Does studying for an exam pay off? The number of hours studied, x, is compared with the exam grade received, y.
x 7 7 5 5 7
y 95 90 75 85 95
(a) Complete the preliminary calculations: SS(x), SS(y), and SS(xy).
Incorrect: Your answer is incorrect. . (SS(x))
Incorrect: Your answer is incorrect. . (SS(y))
Incorrect: Your answer is incorrect. . (SS(xy))
(b) Find r. (Give your answer correct to three decimal places.)
My answers were (a) 100.9, 19640 and 1396. (B) 7.04 But wrong can someone help????
I do not know if we use the same terminology.
Is SS(x) sum of squares of x?
If it is, I get 197.
Would it be S(xy) instead of SS(xy), meaning just the sum of the products?
Does r mean coefficient of correlation, which has a range of -1 to 1.
If you get 7.04, perhaps you are calculating something else.
No it is written in book as (SS(x), so I have not ideal what to do on this one It ask for three answers in first question and 1 answer in the second part and I have missed all of it and I keep coming up with the same answers so I am not sure what I am doing on this one
I was questioning SS(xy) only.
We need Sum of xy for calculating other parameters, but not sum of squares of xy.
How did you get your answers? I got 197 for SS(x). All of your answers seem to come up a little more than half of mine.
197-(31)squared divided by 10 197-961 over 10 = 96.1 then 197-96.1=100.9
I did the same thing that Gayle done on this for x and then y which was both wrong answers.
I think you have the right formulas, but the wrong N.
N equals 5 (count either number of x values or number of y values).
So
SSx=197-31²/5=4.8
SSy=39000-440²/5=280
Sxy=2760-31*440/5=32
r=Sxy/sqrt(SSx*SSy)=0.87287
To find the preliminary calculations (SS(x), SS(y), and SS(xy)), you need to calculate the sum of squares for each variable.
(a) Calculating SS(x):
- First, calculate the mean of x by summing all the values of x and dividing by the total number of values (n). In this case, there are 5 values, so the mean of x is (7 + 7 + 5 + 5 + 7) / 5 = 6.

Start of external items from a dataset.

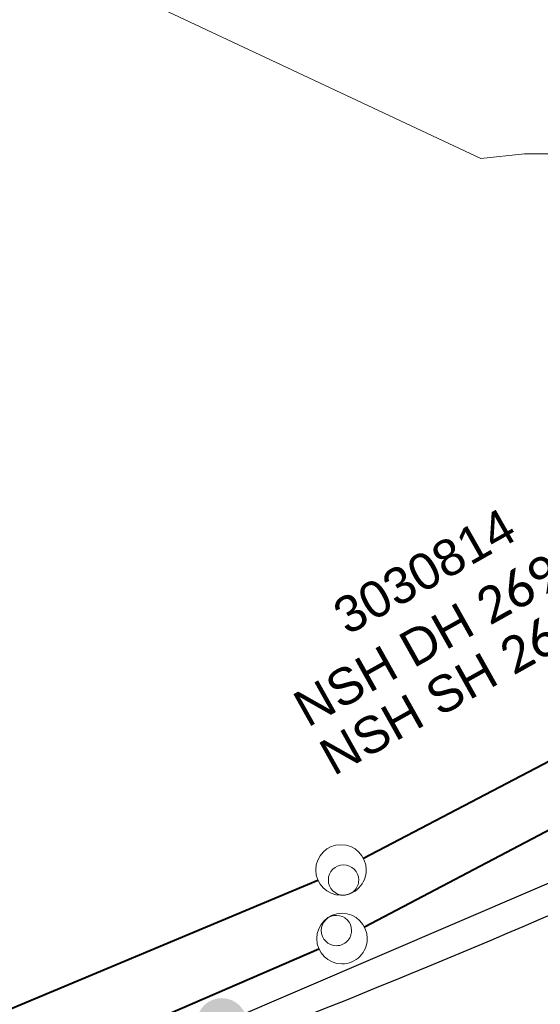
# Model space of a CAD drawing. Header units: millimetres. Extents: x 3402416 to 3403134, y 5267375 to 5268119.
# Tile 29 of 256: x 3402600 to 3402610, y 5267588 to 5267607. Entities that reach past the tile are written whole.
import ezdxf

# ---------------------------------------------------------------- set-up
doc = ezdxf.new("R2010")
doc.units = ezdxf.units.MM
doc.header["$MEASUREMENT"] = 0
doc.linetypes.add('100.5', pattern=[5.5, 3.9, -1.6])
for name, color, linetype, lineweight, true_color in [('ALKIS_Flurstuecksgrenze', 7, 'Continuous', 0, 0xffff80), ('ALKIS_Grenzpunkte_endgueltig', 7, 'Continuous', 0, 0x73d156), ('BetaPlan_RW_GW_Schachtnummer', 7, 'Continuous', 0, 0x0072ff), ('BetaPlan_SW_GW_Schachtnummer', 7, 'Continuous', 0, 0xa85100)]:
    doc.layers.add(name, color=color, linetype=linetype, lineweight=lineweight, true_color=true_color)
for name, color, linetype, lineweight in [('IVK_Fahrbahnrand', 7, 'Continuous', 0), ('IVK_NSH_Modell Umring Teil West', 7, 'Continuous', 0), ('IVK_Rahmen Stempel', 7, 'Continuous', 0), ('IVK_RW Kanal', 90, 'Continuous', 0), ('IVK_RW Schacht', 90, 'Continuous', 0), ('IVK_SW Kanal', 20, 'Continuous', 0), ('IVK_SW Schacht', 20, 'Continuous', 0), ('IVK_SW Schachtanschrieb-Hoehen_NSH', 20, 'Continuous', 0), ('LGL_NSH_Zwischenhoehenlinie_2015', 7, 'Continuous', 0)]:
    doc.layers.add(name, color=color, linetype=linetype, lineweight=lineweight)
doc.styles.add('Arial', font='arial.ttf')
doc.styles.add('Style-Arial Unicode MS', font='ARIALUNI.TTF')

# ---------------------------------------------------------------- blocks, each defined once
blk = doc.blocks.new('VA03A')
at = {"linetype": 'Continuous', "lineweight": 13}
h = blk.add_hatch(color=7, dxfattribs=at)
edge = h.paths.add_edge_path(flags=0)
edge.add_arc((0, 0), 0.05, 0, 360)
blk = doc.blocks.new('STEIN')
at = {"color": 0, "linetype": 'ByBlock', "lineweight": -2}
for start, end in [(90, 180), (0, 90), (180, 270), (270, 0)]:
    blk.add_arc((0, 0), 0.00501, start, end, dxfattribs=at)

msp = doc.modelspace()

# ---------------------------------------------------------------- linework, layer by layer
at = {"layer": 'ALKIS_Flurstuecksgrenze', "color": 7, "linetype": 'Continuous', "lineweight": 30, "flags": 128}
msp.add_lwpolyline([(3402705.279, 5267640.195), (3402691.552, 5267638.554), (3402686.64, 5267633.462), (3402681.198, 5267629.011), (3402675.305, 5267625.249), (3402627.943, 5267598.841), (3402615.918, 5267592.67), (3402603.512, 5267587.348), (3402590.766, 5267582.887), (3402577.751, 5267579.316), (3402564.515, 5267576.665), (3402551.119, 5267574.905), (3402511.262, 5267571.094), (3402496.555, 5267569.694), (3402487.611, 5267569.384), (3402479.948, 5267569.944), (3402472.465, 5267571.255), (3402465.141, 5267573.296), (3402461.797, 5267574.418)], dxfattribs=at)
at = {"layer": 'IVK_Fahrbahnrand', "color": 7, "linetype": 'Continuous', "lineweight": 30}
msp.add_arc((3402534.067, 5267766.095), 192.238, 290.02192, 293.3027, dxfattribs=at)
at = {"layer": 'IVK_NSH_Modell Umring Teil West', "color": 6, "linetype": '100.5', "ltscale": 10, "true_color": 0xe202f2}
msp.add_open_spline([(3402628.253, 5267598.544, 269.937), (3402641.757, 5267606.054, 270.023), (3402657.553, 5267614.878, 270.114), (3402675.255, 5267624.773, 270.207), (3402675.324, 5267624.659, 270.079), (3402684.824, 5267621.981, 270.344), (3402684.826, 5267621.97, 270.458), (3402684.883, 5267621.864, 270.458), (3402685.543, 5267620.164, 270.387), (3402685.562, 5267620.086, 270.387), (3402685.564, 5267620.075, 270.322), (3402687.058, 5267616.919, 270.241), (3402687.044, 5267616.907, 270.297), (3402687.083, 5267616.837, 270.298), (3402687.222, 5267616.45, 270.294), (3402686.878, 5267615.082, 270.225), (3402688.132, 5267612.963, 270.158), (3402688.854, 5267611.727, 270.108), (3402692.632, 5267606.31, 265.792), (3402690.801, 5267601.975, 265.743), (3402690.498, 5267601.81, 265.685), (3402692.019, 5267598.974, 264.145), (3402693.751, 5267596.039, 263.722), (3402697.143, 5267589.96, 261.397), (3402697.219, 5267589.903, 261.323), (3402701.143, 5267583.189, 261.113), (3402700.796, 5267582.857, 261.114), (3402700.48, 5267582.471, 261.115), (3402700.24, 5267582.096, 261.116), (3402700.018, 5267581.634, 261.118), (3402699.865, 5267581.182, 261.121), (3402699.759, 5267580.656, 261.123), (3402699.724, 5267580.1, 261.127), (3402699.757, 5267579.607, 261.13), (3402699.84, 5267579.163, 261.133), (3402699.968, 5267578.744, 261.136), (3402700.137, 5267578.349, 261.14), (3402700.357, 5267577.958, 261.143), (3402700.601, 5267577.618, 261.146), (3402700.875, 5267577.308, 261.149), (3402701.194, 5267577.017, 261.152), (3402701.458, 5267576.818, 261.155), (3402701.77, 5267576.623, 261.157), (3402702.079, 5267576.466, 261.16), (3402702.457, 5267576.317, 261.162), (3402702.826, 5267576.211, 261.164), (3402703.183, 5267576.145, 261.166), (3402703.533, 5267576.111, 261.168), (3402703.896, 5267576.109, 261.169), (3402704.292, 5267576.143, 261.171), (3402704.681, 5267576.217, 261.172), (3402704.965, 5267576.296, 261.173), (3402705.217, 5267576.386, 261.173), (3402707.832, 5267577.842, 261.175), (3402709.09, 5267572.866, 261.096), (3402708.405, 5267568.61, 260.907), (3402698.283, 5267563.277, 261.169), (3402693.549, 5267560.553, 260.917), (3402685.523, 5267555.965, 261.026), (3402668.604, 5267549.392, 261.028), (3402659.972, 5267545.813, 260.693), (3402647.149, 5267540.036, 260.412), (3402637.208, 5267534.921, 260.309), (3402625.271, 5267527.783, 260.374), (3402614.853, 5267521.252, 260.423), (3402604.386, 5267513.647, 260.492), (3402591.208, 5267503.377, 260.76), (3402587.076, 5267508.519, 261.16), (3402587.731, 5267518.469, 265.454), (3402582.621, 5267519.527, 265.304), (3402588.906, 5267527.261, 265.481), (3402594.968, 5267537.514, 265.929), (3402603.304, 5267546.246, 266.775), (3402600.832, 5267549.266, 266.887), (3402596.744, 5267551.245, 269.012), (3402591.885, 5267549.833, 268.92), (3402587.239, 5267546.861, 269.081), (3402581.243, 5267547.71, 269.55), (3402581.129, 5267547.828, 269.548), (3402576.83, 5267544.403, 269.457), (3402573.092, 5267540.608, 269.43), (3402571.878, 5267541.8, 269.408), (3402570.615, 5267542.617, 269.407), (3402574.302, 5267546.633, 269.398), (3402567.663, 5267563.645, 269.883), (3402562.649, 5267562.897, 269.866), (3402562.595, 5267563.239, 269.861), (3402562.584, 5267563.318, 269.86), (3402562.11, 5267566.725, 269.873), (3402562.099, 5267566.805, 269.873), (3402563.338, 5267566.977, 269.879), (3402565.816, 5267567.348, 269.89), (3402567.039, 5267567.542, 269.896), (3402568.655, 5267567.813, 269.908), (3402570.73, 5267568.179, 269.912), (3402571.95, 5267568.407, 269.917), (3402573.148, 5267568.637, 269.923), (3402576.065, 5267569.267, 269.935), (3402578.987, 5267569.94, 269.946), (3402580.21, 5267570.222, 269.951), (3402581.417, 5267570.509, 269.956), (3402582.621, 5267570.804, 269.961), (3402583.824, 5267571.107, 269.967), (3402585.018, 5267571.417, 269.972), (3402587.407, 5267572.063, 269.983), (3402592.197, 5267573.463, 270.005), (3402594.547, 5267574.203, 270.015), (3402595.726, 5267574.586, 270.02), (3402596.901, 5267574.978, 270.026), (3402598.088, 5267575.384, 270.031), (3402599.405, 5267575.831, 270.038), (3402600.717, 5267576.286, 270.045), (3402602.256, 5267576.82, 270.053), (3402603.278, 5267577.202, 270.058), (3402604.589, 5267577.686, 270.064), (3402605.878, 5267578.171, 270.071), (3402607.163, 5267578.664, 270.078), (3402608.444, 5267579.165, 270.085), (3402609.722, 5267579.675, 270.091), (3402613.612, 5267581.348, 270.009), (3402612.713, 5267582.91, 270.024), (3402612.692, 5267583.028, 270.024), (3402612.691, 5267583.046, 269.904), (3402610.129, 5267589.514, 269.691), (3402610.114, 5267589.539, 269.803), (3402610.039, 5267589.633, 269.803), (3402611.28, 5267590.171, 269.812), (3402612.516, 5267590.718, 269.821), (3402613.75, 5267591.273, 269.83), (3402614.979, 5267591.836, 269.839), (3402616.205, 5267592.407, 269.848), (3402617.428, 5267592.985, 269.857), (3402618.646, 5267593.572, 269.866), (3402619.861, 5267594.166, 269.874), (3402621.072, 5267594.768, 269.883), (3402622.279, 5267595.378, 269.892), (3402623.481, 5267595.996, 269.901), (3402624.68, 5267596.621, 269.91), (3402625.875, 5267597.255, 269.919), (3402627.066, 5267597.896, 269.928), (3402628.253, 5267598.544, 269.937)], degree=1, dxfattribs=at)
at = {"layer": 'IVK_Rahmen Stempel', "color": 7, "linetype": 'Continuous', "lineweight": 30}
msp.add_3dface([(3402461.797, 5267374.849), (3403134.297, 5267374.849), (3403134.297, 5268117.349), (3402461.797, 5268117.349)], dxfattribs=at)
msp.add_3dface([(3402461.797, 5267374.849), (3403134.297, 5267374.849), (3403134.297, 5268117.349), (3402461.797, 5268117.349)], dxfattribs=at)
at = {"layer": 'IVK_RW Kanal', "linetype": 'Continuous', "lineweight": 40}
for p, q in [((3402606.337, 5267589.26), (3402633.584, 5267603.587)), ((3402584.554, 5267579.797), (3402605.434, 5267588.827))]:
    msp.add_line(p, q, dxfattribs=at)
at = {"layer": 'IVK_SW Kanal', "linetype": 'Continuous', "lineweight": 40}
for p, q in [((3402606.318, 5267590.62), (3402627.554, 5267601.747)), ((3402588.114, 5267582.947), (3402605.414, 5267590.187))]:
    msp.add_line(p, q, dxfattribs=at)
at = {"layer": 'LGL_NSH_Zwischenhoehenlinie_2015', "color": 190, "linetype": 'Continuous', "true_color": 0x9002f5, "elevation": 269.8, "flags": 128}
msp.add_lwpolyline([(3402594.866, 5267610.943), (3402608.647, 5267604.483), (3402609.511, 5267604.572), (3402610.375, 5267604.572), (3402610.415, 5267604.498), (3402611.279, 5267604.498), (3402612.143, 5267604.513), (3402612.315, 5267603.027), (3402612.311, 5267602.954), (3402612.672, 5267602.81), (3402612.951, 5267602.47), (3402613.175, 5267602.076), (3402613.224, 5267600.968), (3402613.176, 5267600.888), (3402613.161, 5267600.539), (3402613.138, 5267600.451), (3402612.852, 5267600.117), (3402612.874, 5267600.032), (3402612.55, 5267599.728), (3402611.366, 5267598), (3402610.988, 5267597.136), (3402611.876, 5267593.654)], dxfattribs=at)

# ---------------------------------------------------------------- block references
at = {"layer": 'ALKIS_Grenzpunkte_endgueltig', "color": 254, "ltscale": 0.5, "true_color": 0xbfffbf, "xscale": 10, "yscale": 10, "zscale": 10}
msp.add_blockref('VA03A', (3402603.512, 5267587.348), dxfattribs=at)
at = {"layer": 'IVK_RW Schacht', "linetype": 'Continuous', "lineweight": 13, "zscale": 100, "rotation": 359.9919}
for p, xscale, yscale in [((3402605.894, 5267589.027), 100, 100), ((3402605.784, 5267589.187), 59.99999999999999, 59.99999999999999)]:
    msp.add_blockref('STEIN', p, dxfattribs=dict(at, xscale=xscale, yscale=yscale))
at = {"layer": 'IVK_SW Schacht', "linetype": 'Continuous', "lineweight": 13, "zscale": 100, "rotation": 359.9919}
for p, xscale, yscale in [((3402605.874, 5267590.387), 100, 100), ((3402605.924, 5267590.187), 59.99999999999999, 59.99999999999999)]:
    msp.add_blockref('STEIN', p, dxfattribs=dict(at, xscale=xscale, yscale=yscale))

# ---------------------------------------------------------------- texts
at = {"layer": 'BetaPlan_RW_GW_Schachtnummer', "color": 3, "linetype": 'Continuous', "insert": (3402608.217, 5267586.192), "char_height": 0.72, "attachment_point": 1, "rotation": 28.6744, "line_spacing_factor": 0.69, "style": 'Arial'}
msp.add_mtext('\\fArial Unicode MS|b0|i0|c00|p39;3020787', dxfattribs=at)
at = {"layer": 'BetaPlan_SW_GW_Schachtnummer', "color": 1, "linetype": 'Continuous', "insert": (3402605.645, 5267595.653), "char_height": 0.72, "attachment_point": 1, "rotation": 29.5614, "line_spacing_factor": 0.69, "style": 'Arial'}
msp.add_mtext('\\fArial Unicode MS|b0|i0|c00|p39;3030814', dxfattribs=at)
at = {"layer": 'IVK_SW Schachtanschrieb-Hoehen_NSH', "linetype": 'Continuous', "lineweight": 106, "char_height": 0.72, "attachment_point": 7, "rotation": 29.2655, "line_spacing_factor": 0.6, "style": 'Style-Arial Unicode MS'}
for s, insert in [('NSH DH \\fCalibri|b0|i0|c00|p39;269,81', (3402605.282, 5267593.075)), ('NSH SH \\fCalibri|b0|i0|c00|p39;266,48\\fArial Unicode MS|b0|i0|c00|p39; ', (3402605.798, 5267592.114))]:
    msp.add_mtext(s, dxfattribs=dict(at, insert=insert))

doc.saveas('drawing.dxf')

- Next, subtract the mean (6) from each value of x and square the result.
- Compute the sum of the squared differences.
Using the given values of x: 7, 7, 5, 5, 7
- (7 - 6)^2 = 1
- (7 - 6)^2 = 1
- (5 - 6)^2 = 1
- (5 - 6)^2 = 1
- (7 - 6)^2 = 1
The sum of the squared differences (SS(x)) is 1 + 1 + 1 + 1 + 1 = 5. Therefore, SS(x) = 5.
(b) Calculating SS(y):
- Follow a similar process as in SS(x). Calculate the mean of y, which is (95 + 90 + 75 + 85 + 95) / 5 = 88.
- Subtract the mean (88) from each value of y and square the result.
- Compute the sum of the squared differences.
Using the given values of y: 95, 90, 75, 85, 95
- (95 - 88)^2 = 49
- (90 - 88)^2 = 4
- (75 - 88)^2 = 169
- (85 - 88)^2 = 9
- (95 - 88)^2 = 49
The sum of the squared differences (SS(y)) is 49 + 4 + 169 + 9 + 49 = 280. Therefore, SS(y) = 280.
(c) Calculating SS(xy):
- Multiply the differences between each x value and the mean of x by the differences between each corresponding y value and the mean of y.
- Compute the sum of the products.
Using the given values of x and y:
- (7 - 6)(95 - 88) = 49
- (7 - 6)(90 - 88) = 2
- (5 - 6)(75 - 88) = -143
- (5 - 6)(85 - 88) = -9
- (7 - 6)(95 - 88) = 49
The sum of the products (SS(xy)) is 49 + 2 - 143 - 9 + 49 = -52. Therefore, SS(xy) = -52.
Now, to find the correlation coefficient (r):
- Use the formula: r = SS(xy) / sqrt(SS(x) * SS(y))
- Plug in the values you obtained:
r = -52 / sqrt(5 * 280) ≈ -0.524
Therefore, the correlation coefficient (r) is approximately -0.524, rounded to three decimal places.